5 décembre. — Les Arméniens, appelés à faire connaître leurs pertes en marchandises, accusent 26 millions. Maurice trouve le chiffre fantastique.

L’école américaine et les deux écoles françaises rouvrent. Elles n’ont eu aucun enfant aujourd’hui. Maurice fait rendre beaucoup d’objets pillés.

Tout le monde dit, même des Européens, qu’à Gurun les assassins étaient guidés par un prêtre arménien apostat.

8 décembre. — Hier, un Turc qui avait beaucoup pillé et parlait trop haut, a été jeté en prison, chaînes aux pieds. Il a continué, citant des noms de chefs. Ce matin, on l’a trouvé mort dans sa cellule.

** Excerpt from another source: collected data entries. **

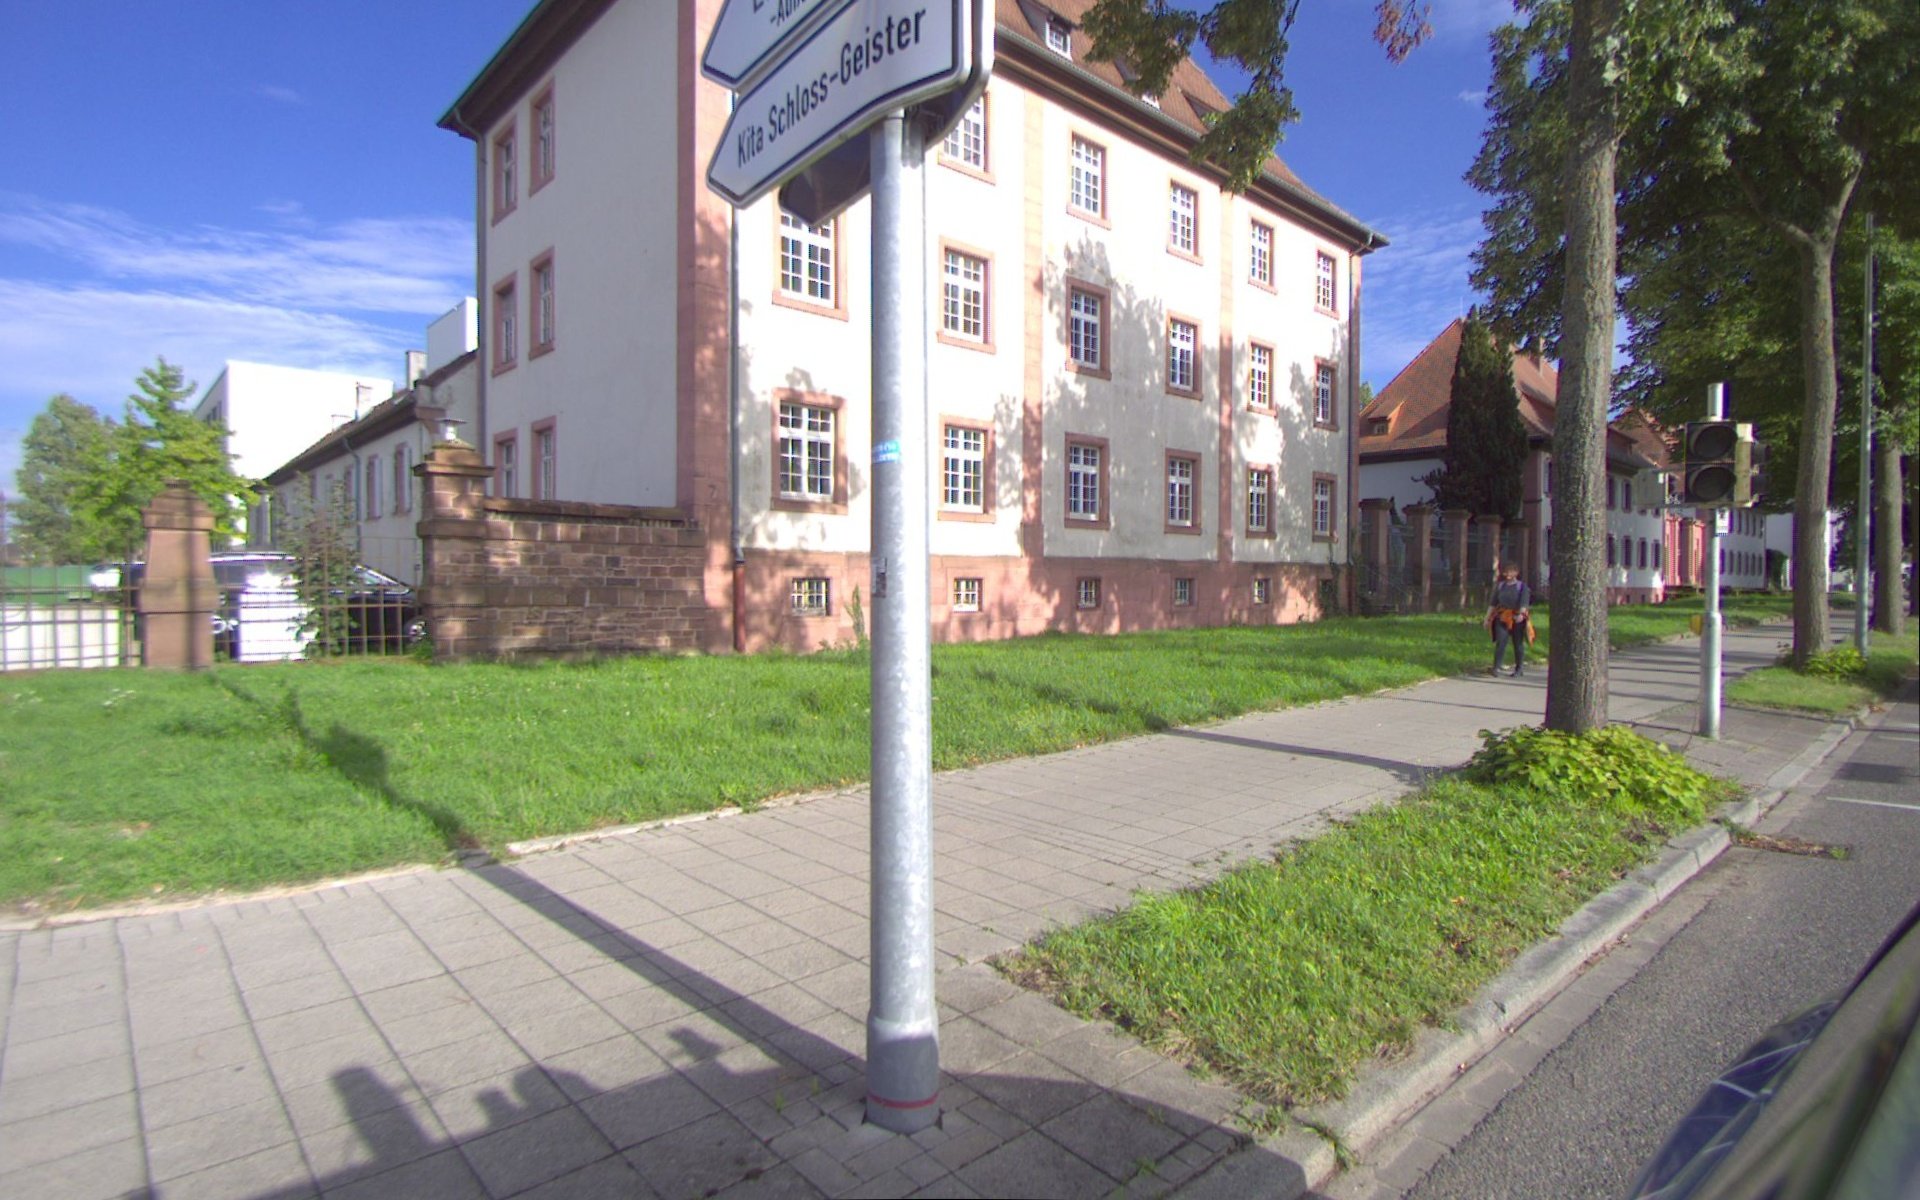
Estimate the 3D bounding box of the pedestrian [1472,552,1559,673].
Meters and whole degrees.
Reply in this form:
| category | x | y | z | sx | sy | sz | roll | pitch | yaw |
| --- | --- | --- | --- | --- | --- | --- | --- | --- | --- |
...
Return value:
| category | x | y | z | sx | sy | sz | roll | pitch | yaw |
| --- | --- | --- | --- | --- | --- | --- | --- | --- | --- |
| pedestrian | 7.744 | 0.149 | 14.107 | 0.756 | 1.609 | 0.815 | -1 | 4 | -44 |

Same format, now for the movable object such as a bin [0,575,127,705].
| category | x | y | z | sx | sy | sz | roll | pitch | yaw |
| --- | --- | --- | --- | --- | --- | --- | --- | --- | --- |
| movable object such as a bin | -11.236 | 0.446 | 12.327 | 1.413 | 1.477 | 1.520 | 0 | 1 | 44 |

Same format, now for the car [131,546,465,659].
| category | x | y | z | sx | sy | sz | roll | pitch | yaw |
| --- | --- | --- | --- | --- | --- | --- | --- | --- | --- |
| car | -10.849 | -0.035 | 16.756 | 4.426 | 1.628 | 1.998 | -1 | 3 | -40 |
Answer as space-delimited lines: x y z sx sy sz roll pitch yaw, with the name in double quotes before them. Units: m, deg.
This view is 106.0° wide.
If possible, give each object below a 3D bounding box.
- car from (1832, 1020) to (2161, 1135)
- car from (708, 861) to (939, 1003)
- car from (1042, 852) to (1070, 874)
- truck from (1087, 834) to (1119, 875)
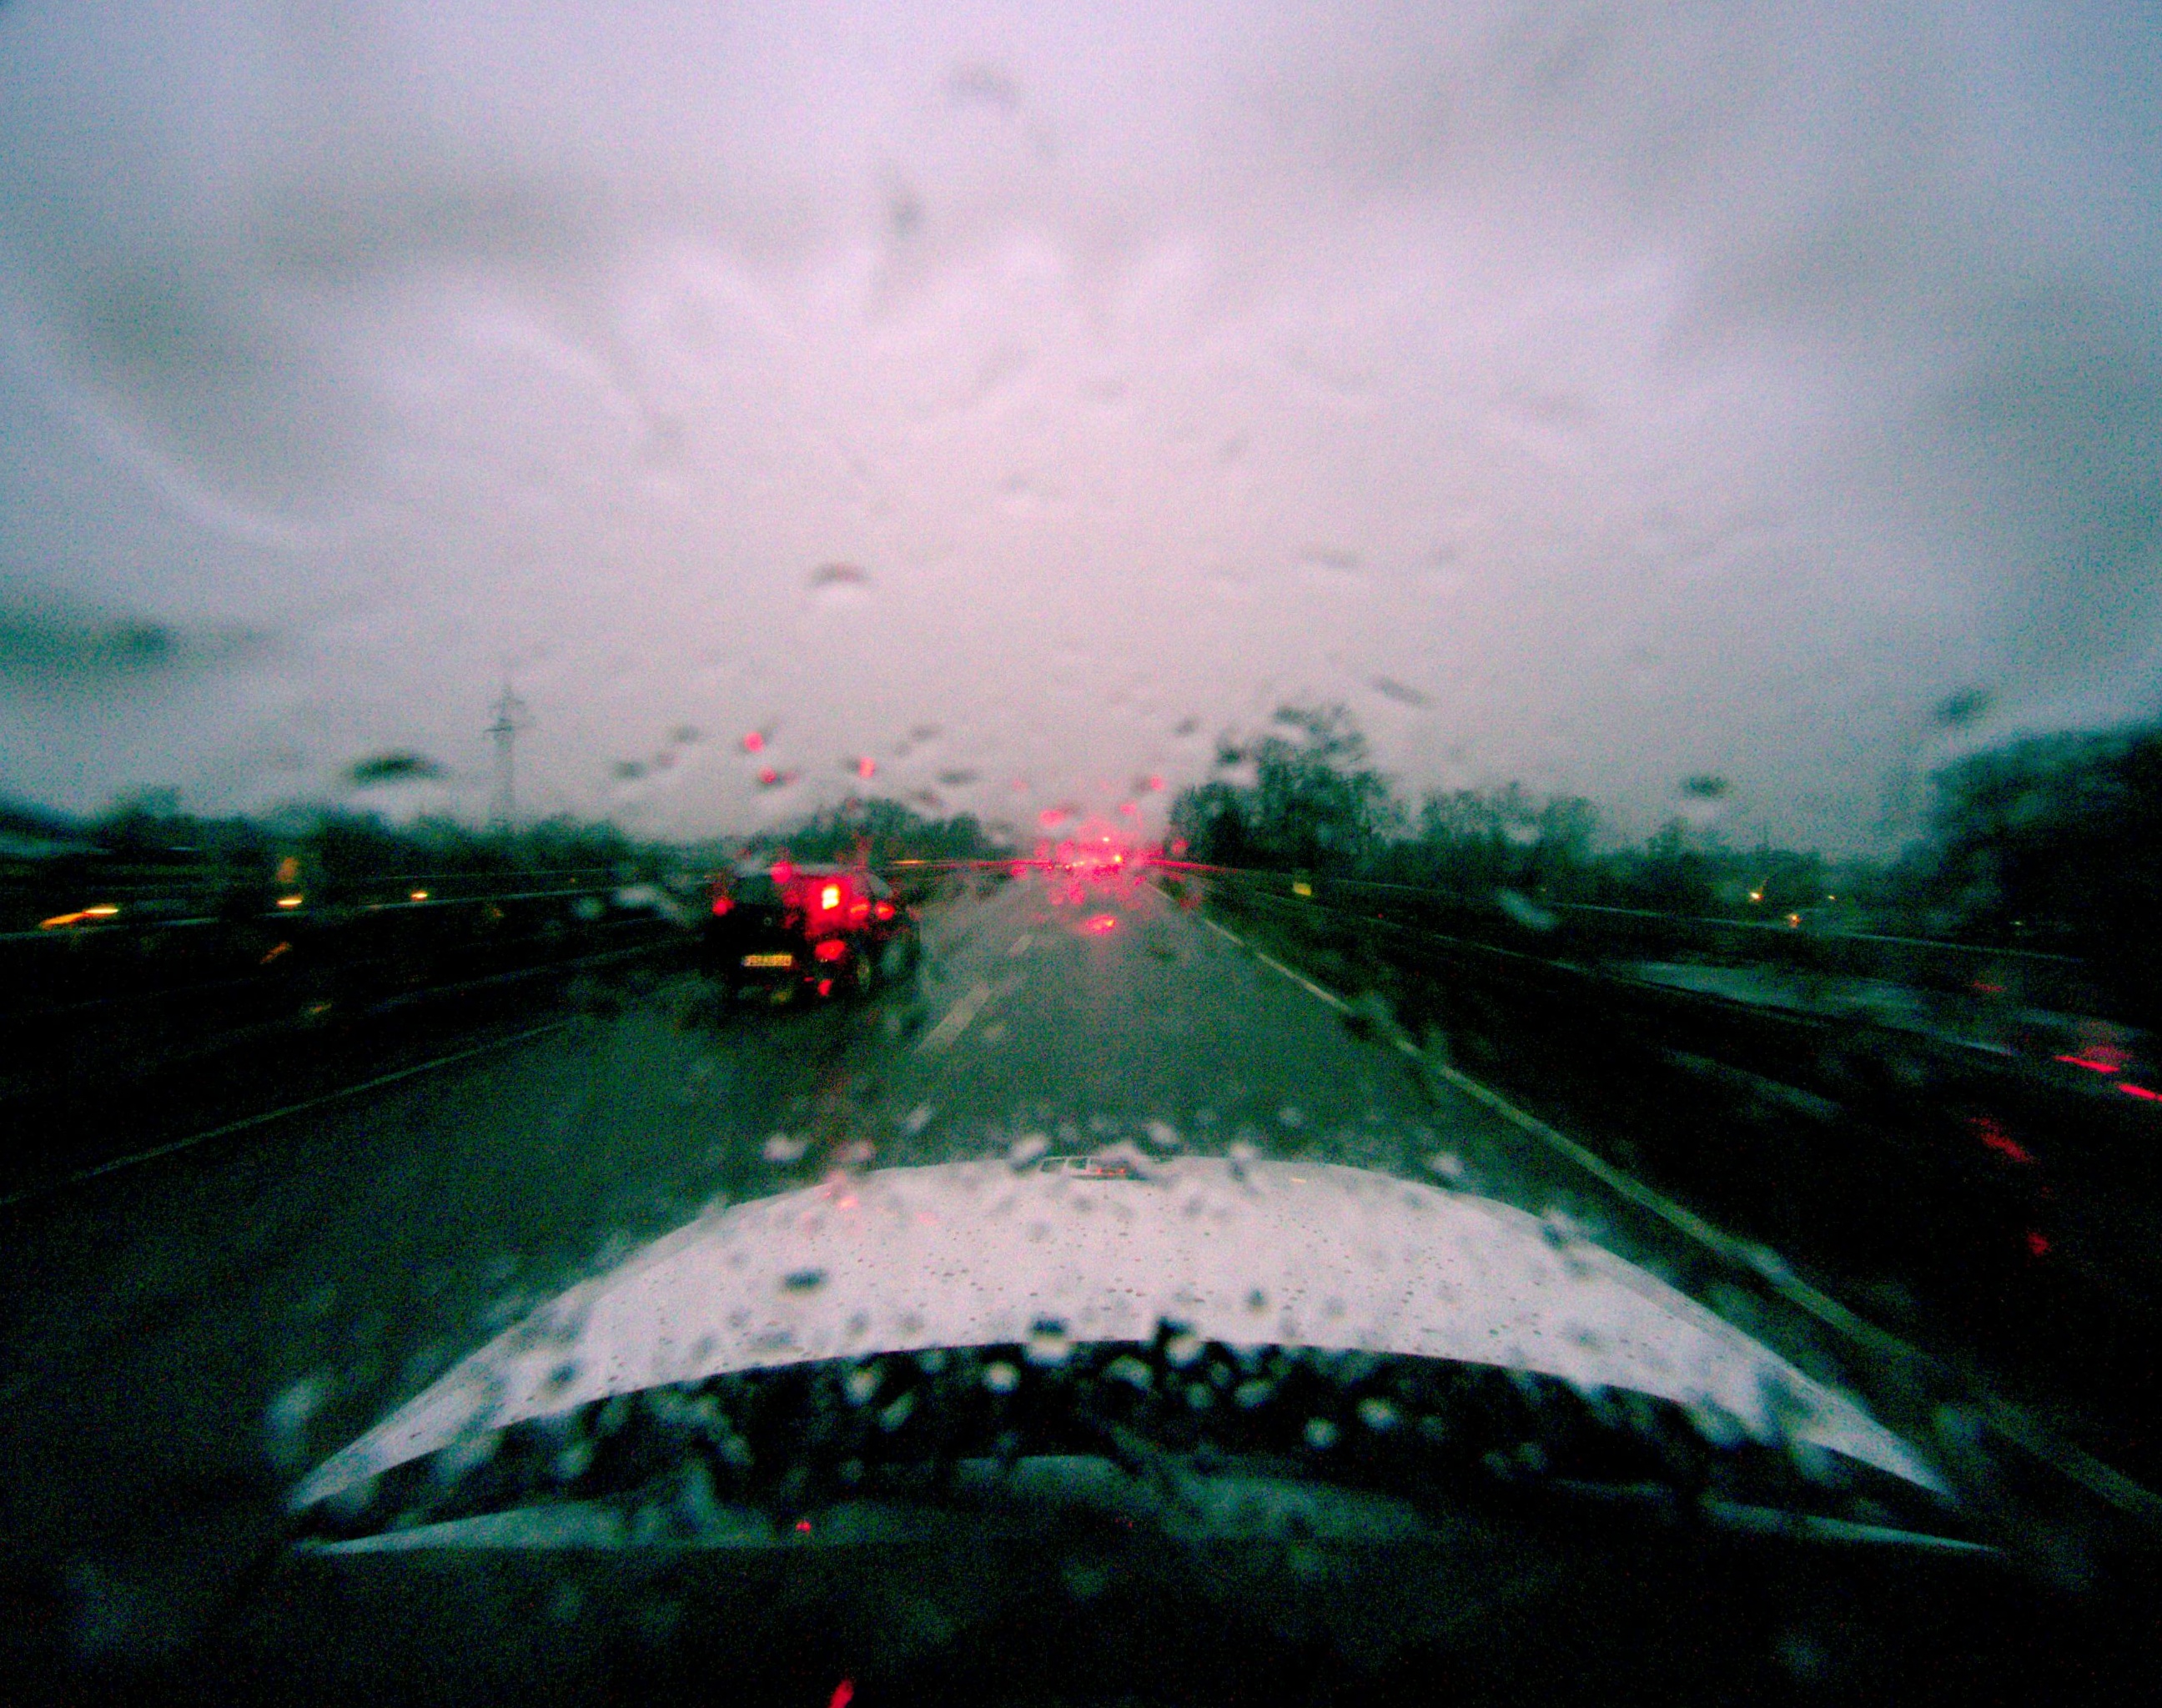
"car" 16.322 3.927 14.828 1.670 1.282 3.999 5 -6 2
"car" -3.037 0.840 10.484 1.620 1.392 3.999 -3 -1 0
"car" -1.776 0.671 59.443 1.828 1.537 4.000 0 -2 1
"truck" 1.762 0.092 65.270 2.374 2.909 4.674 -1 -4 1
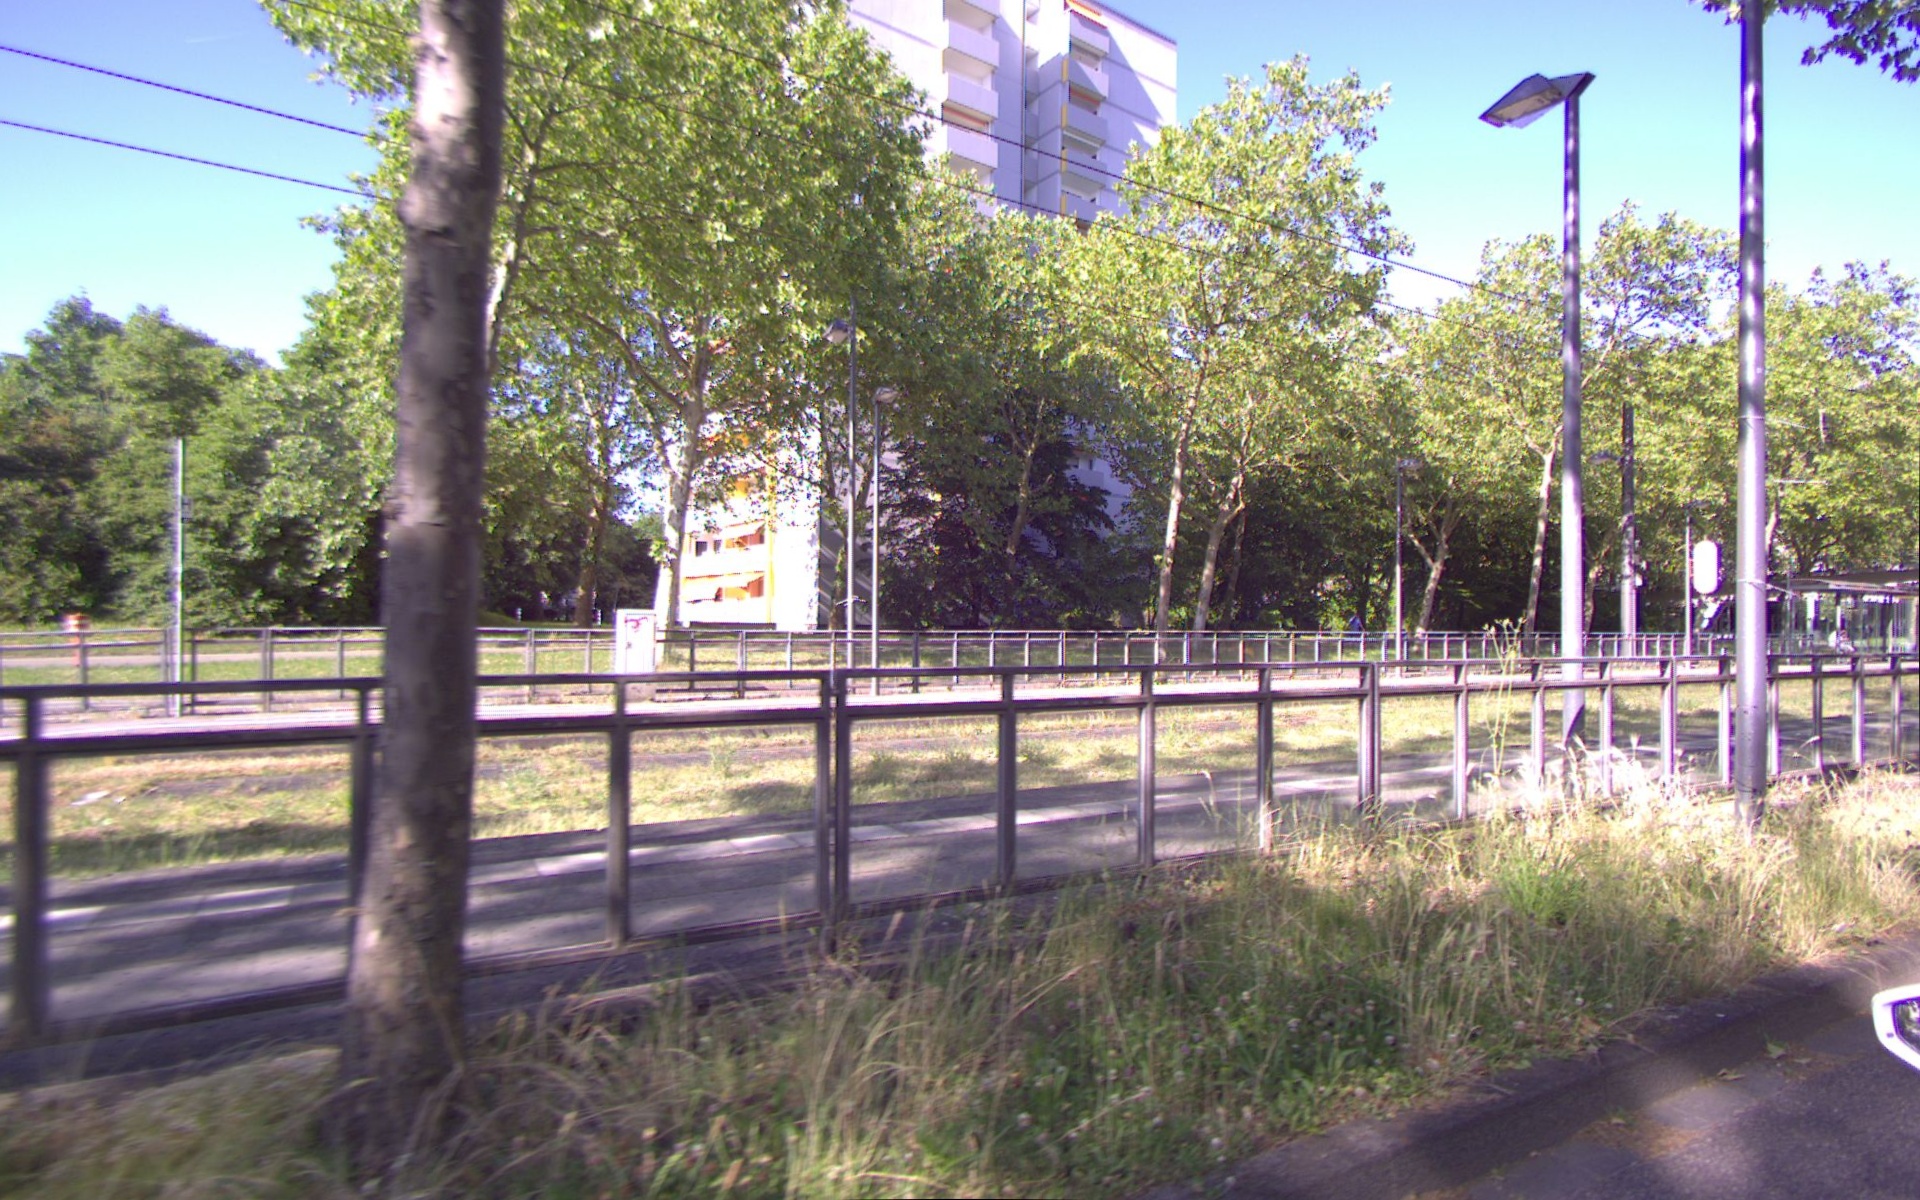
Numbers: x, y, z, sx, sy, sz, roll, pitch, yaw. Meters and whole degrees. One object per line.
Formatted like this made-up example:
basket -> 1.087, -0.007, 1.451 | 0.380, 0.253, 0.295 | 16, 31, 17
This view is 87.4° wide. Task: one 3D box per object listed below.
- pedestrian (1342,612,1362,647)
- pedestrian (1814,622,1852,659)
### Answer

19 décembre. — Revirement complet. Les Arméniens font l’éloge de la France et de nos missions, qui jamais, reconnaissent-ils, ne les ont poussés à se soulever, tandis qu’ils portent de graves accusations contre d’autres.

Nous avons 67 centimètres de neige et — 14° de froid.

Le vali craint — ou espère des incendies.

25 décembre. — Quel triste jour de Noël !

On vient de tenter, je crois, de nous empoisonner. Ça doit être un de nos domestiques arméniens, payé sans doute par les Turcs. Alors on pourrait reprendre les massacres, car il n’y a que nous qui gênons…

Certainement il y avait un poison dans notre café, car nous en avons donné à Porthos, qui, lui aussi, a eu des vomissemens et a été pris de tremblemens ; mais comment faire analyser ? tous les pharmaciens sont tués.

Quel est le coupable ? Impossible de le savoir. Nous mettons à la porte nos deux domestiques, que nous remplaçons par des Turcs. Le Turc a ses défauts, mais il ne trahit pas.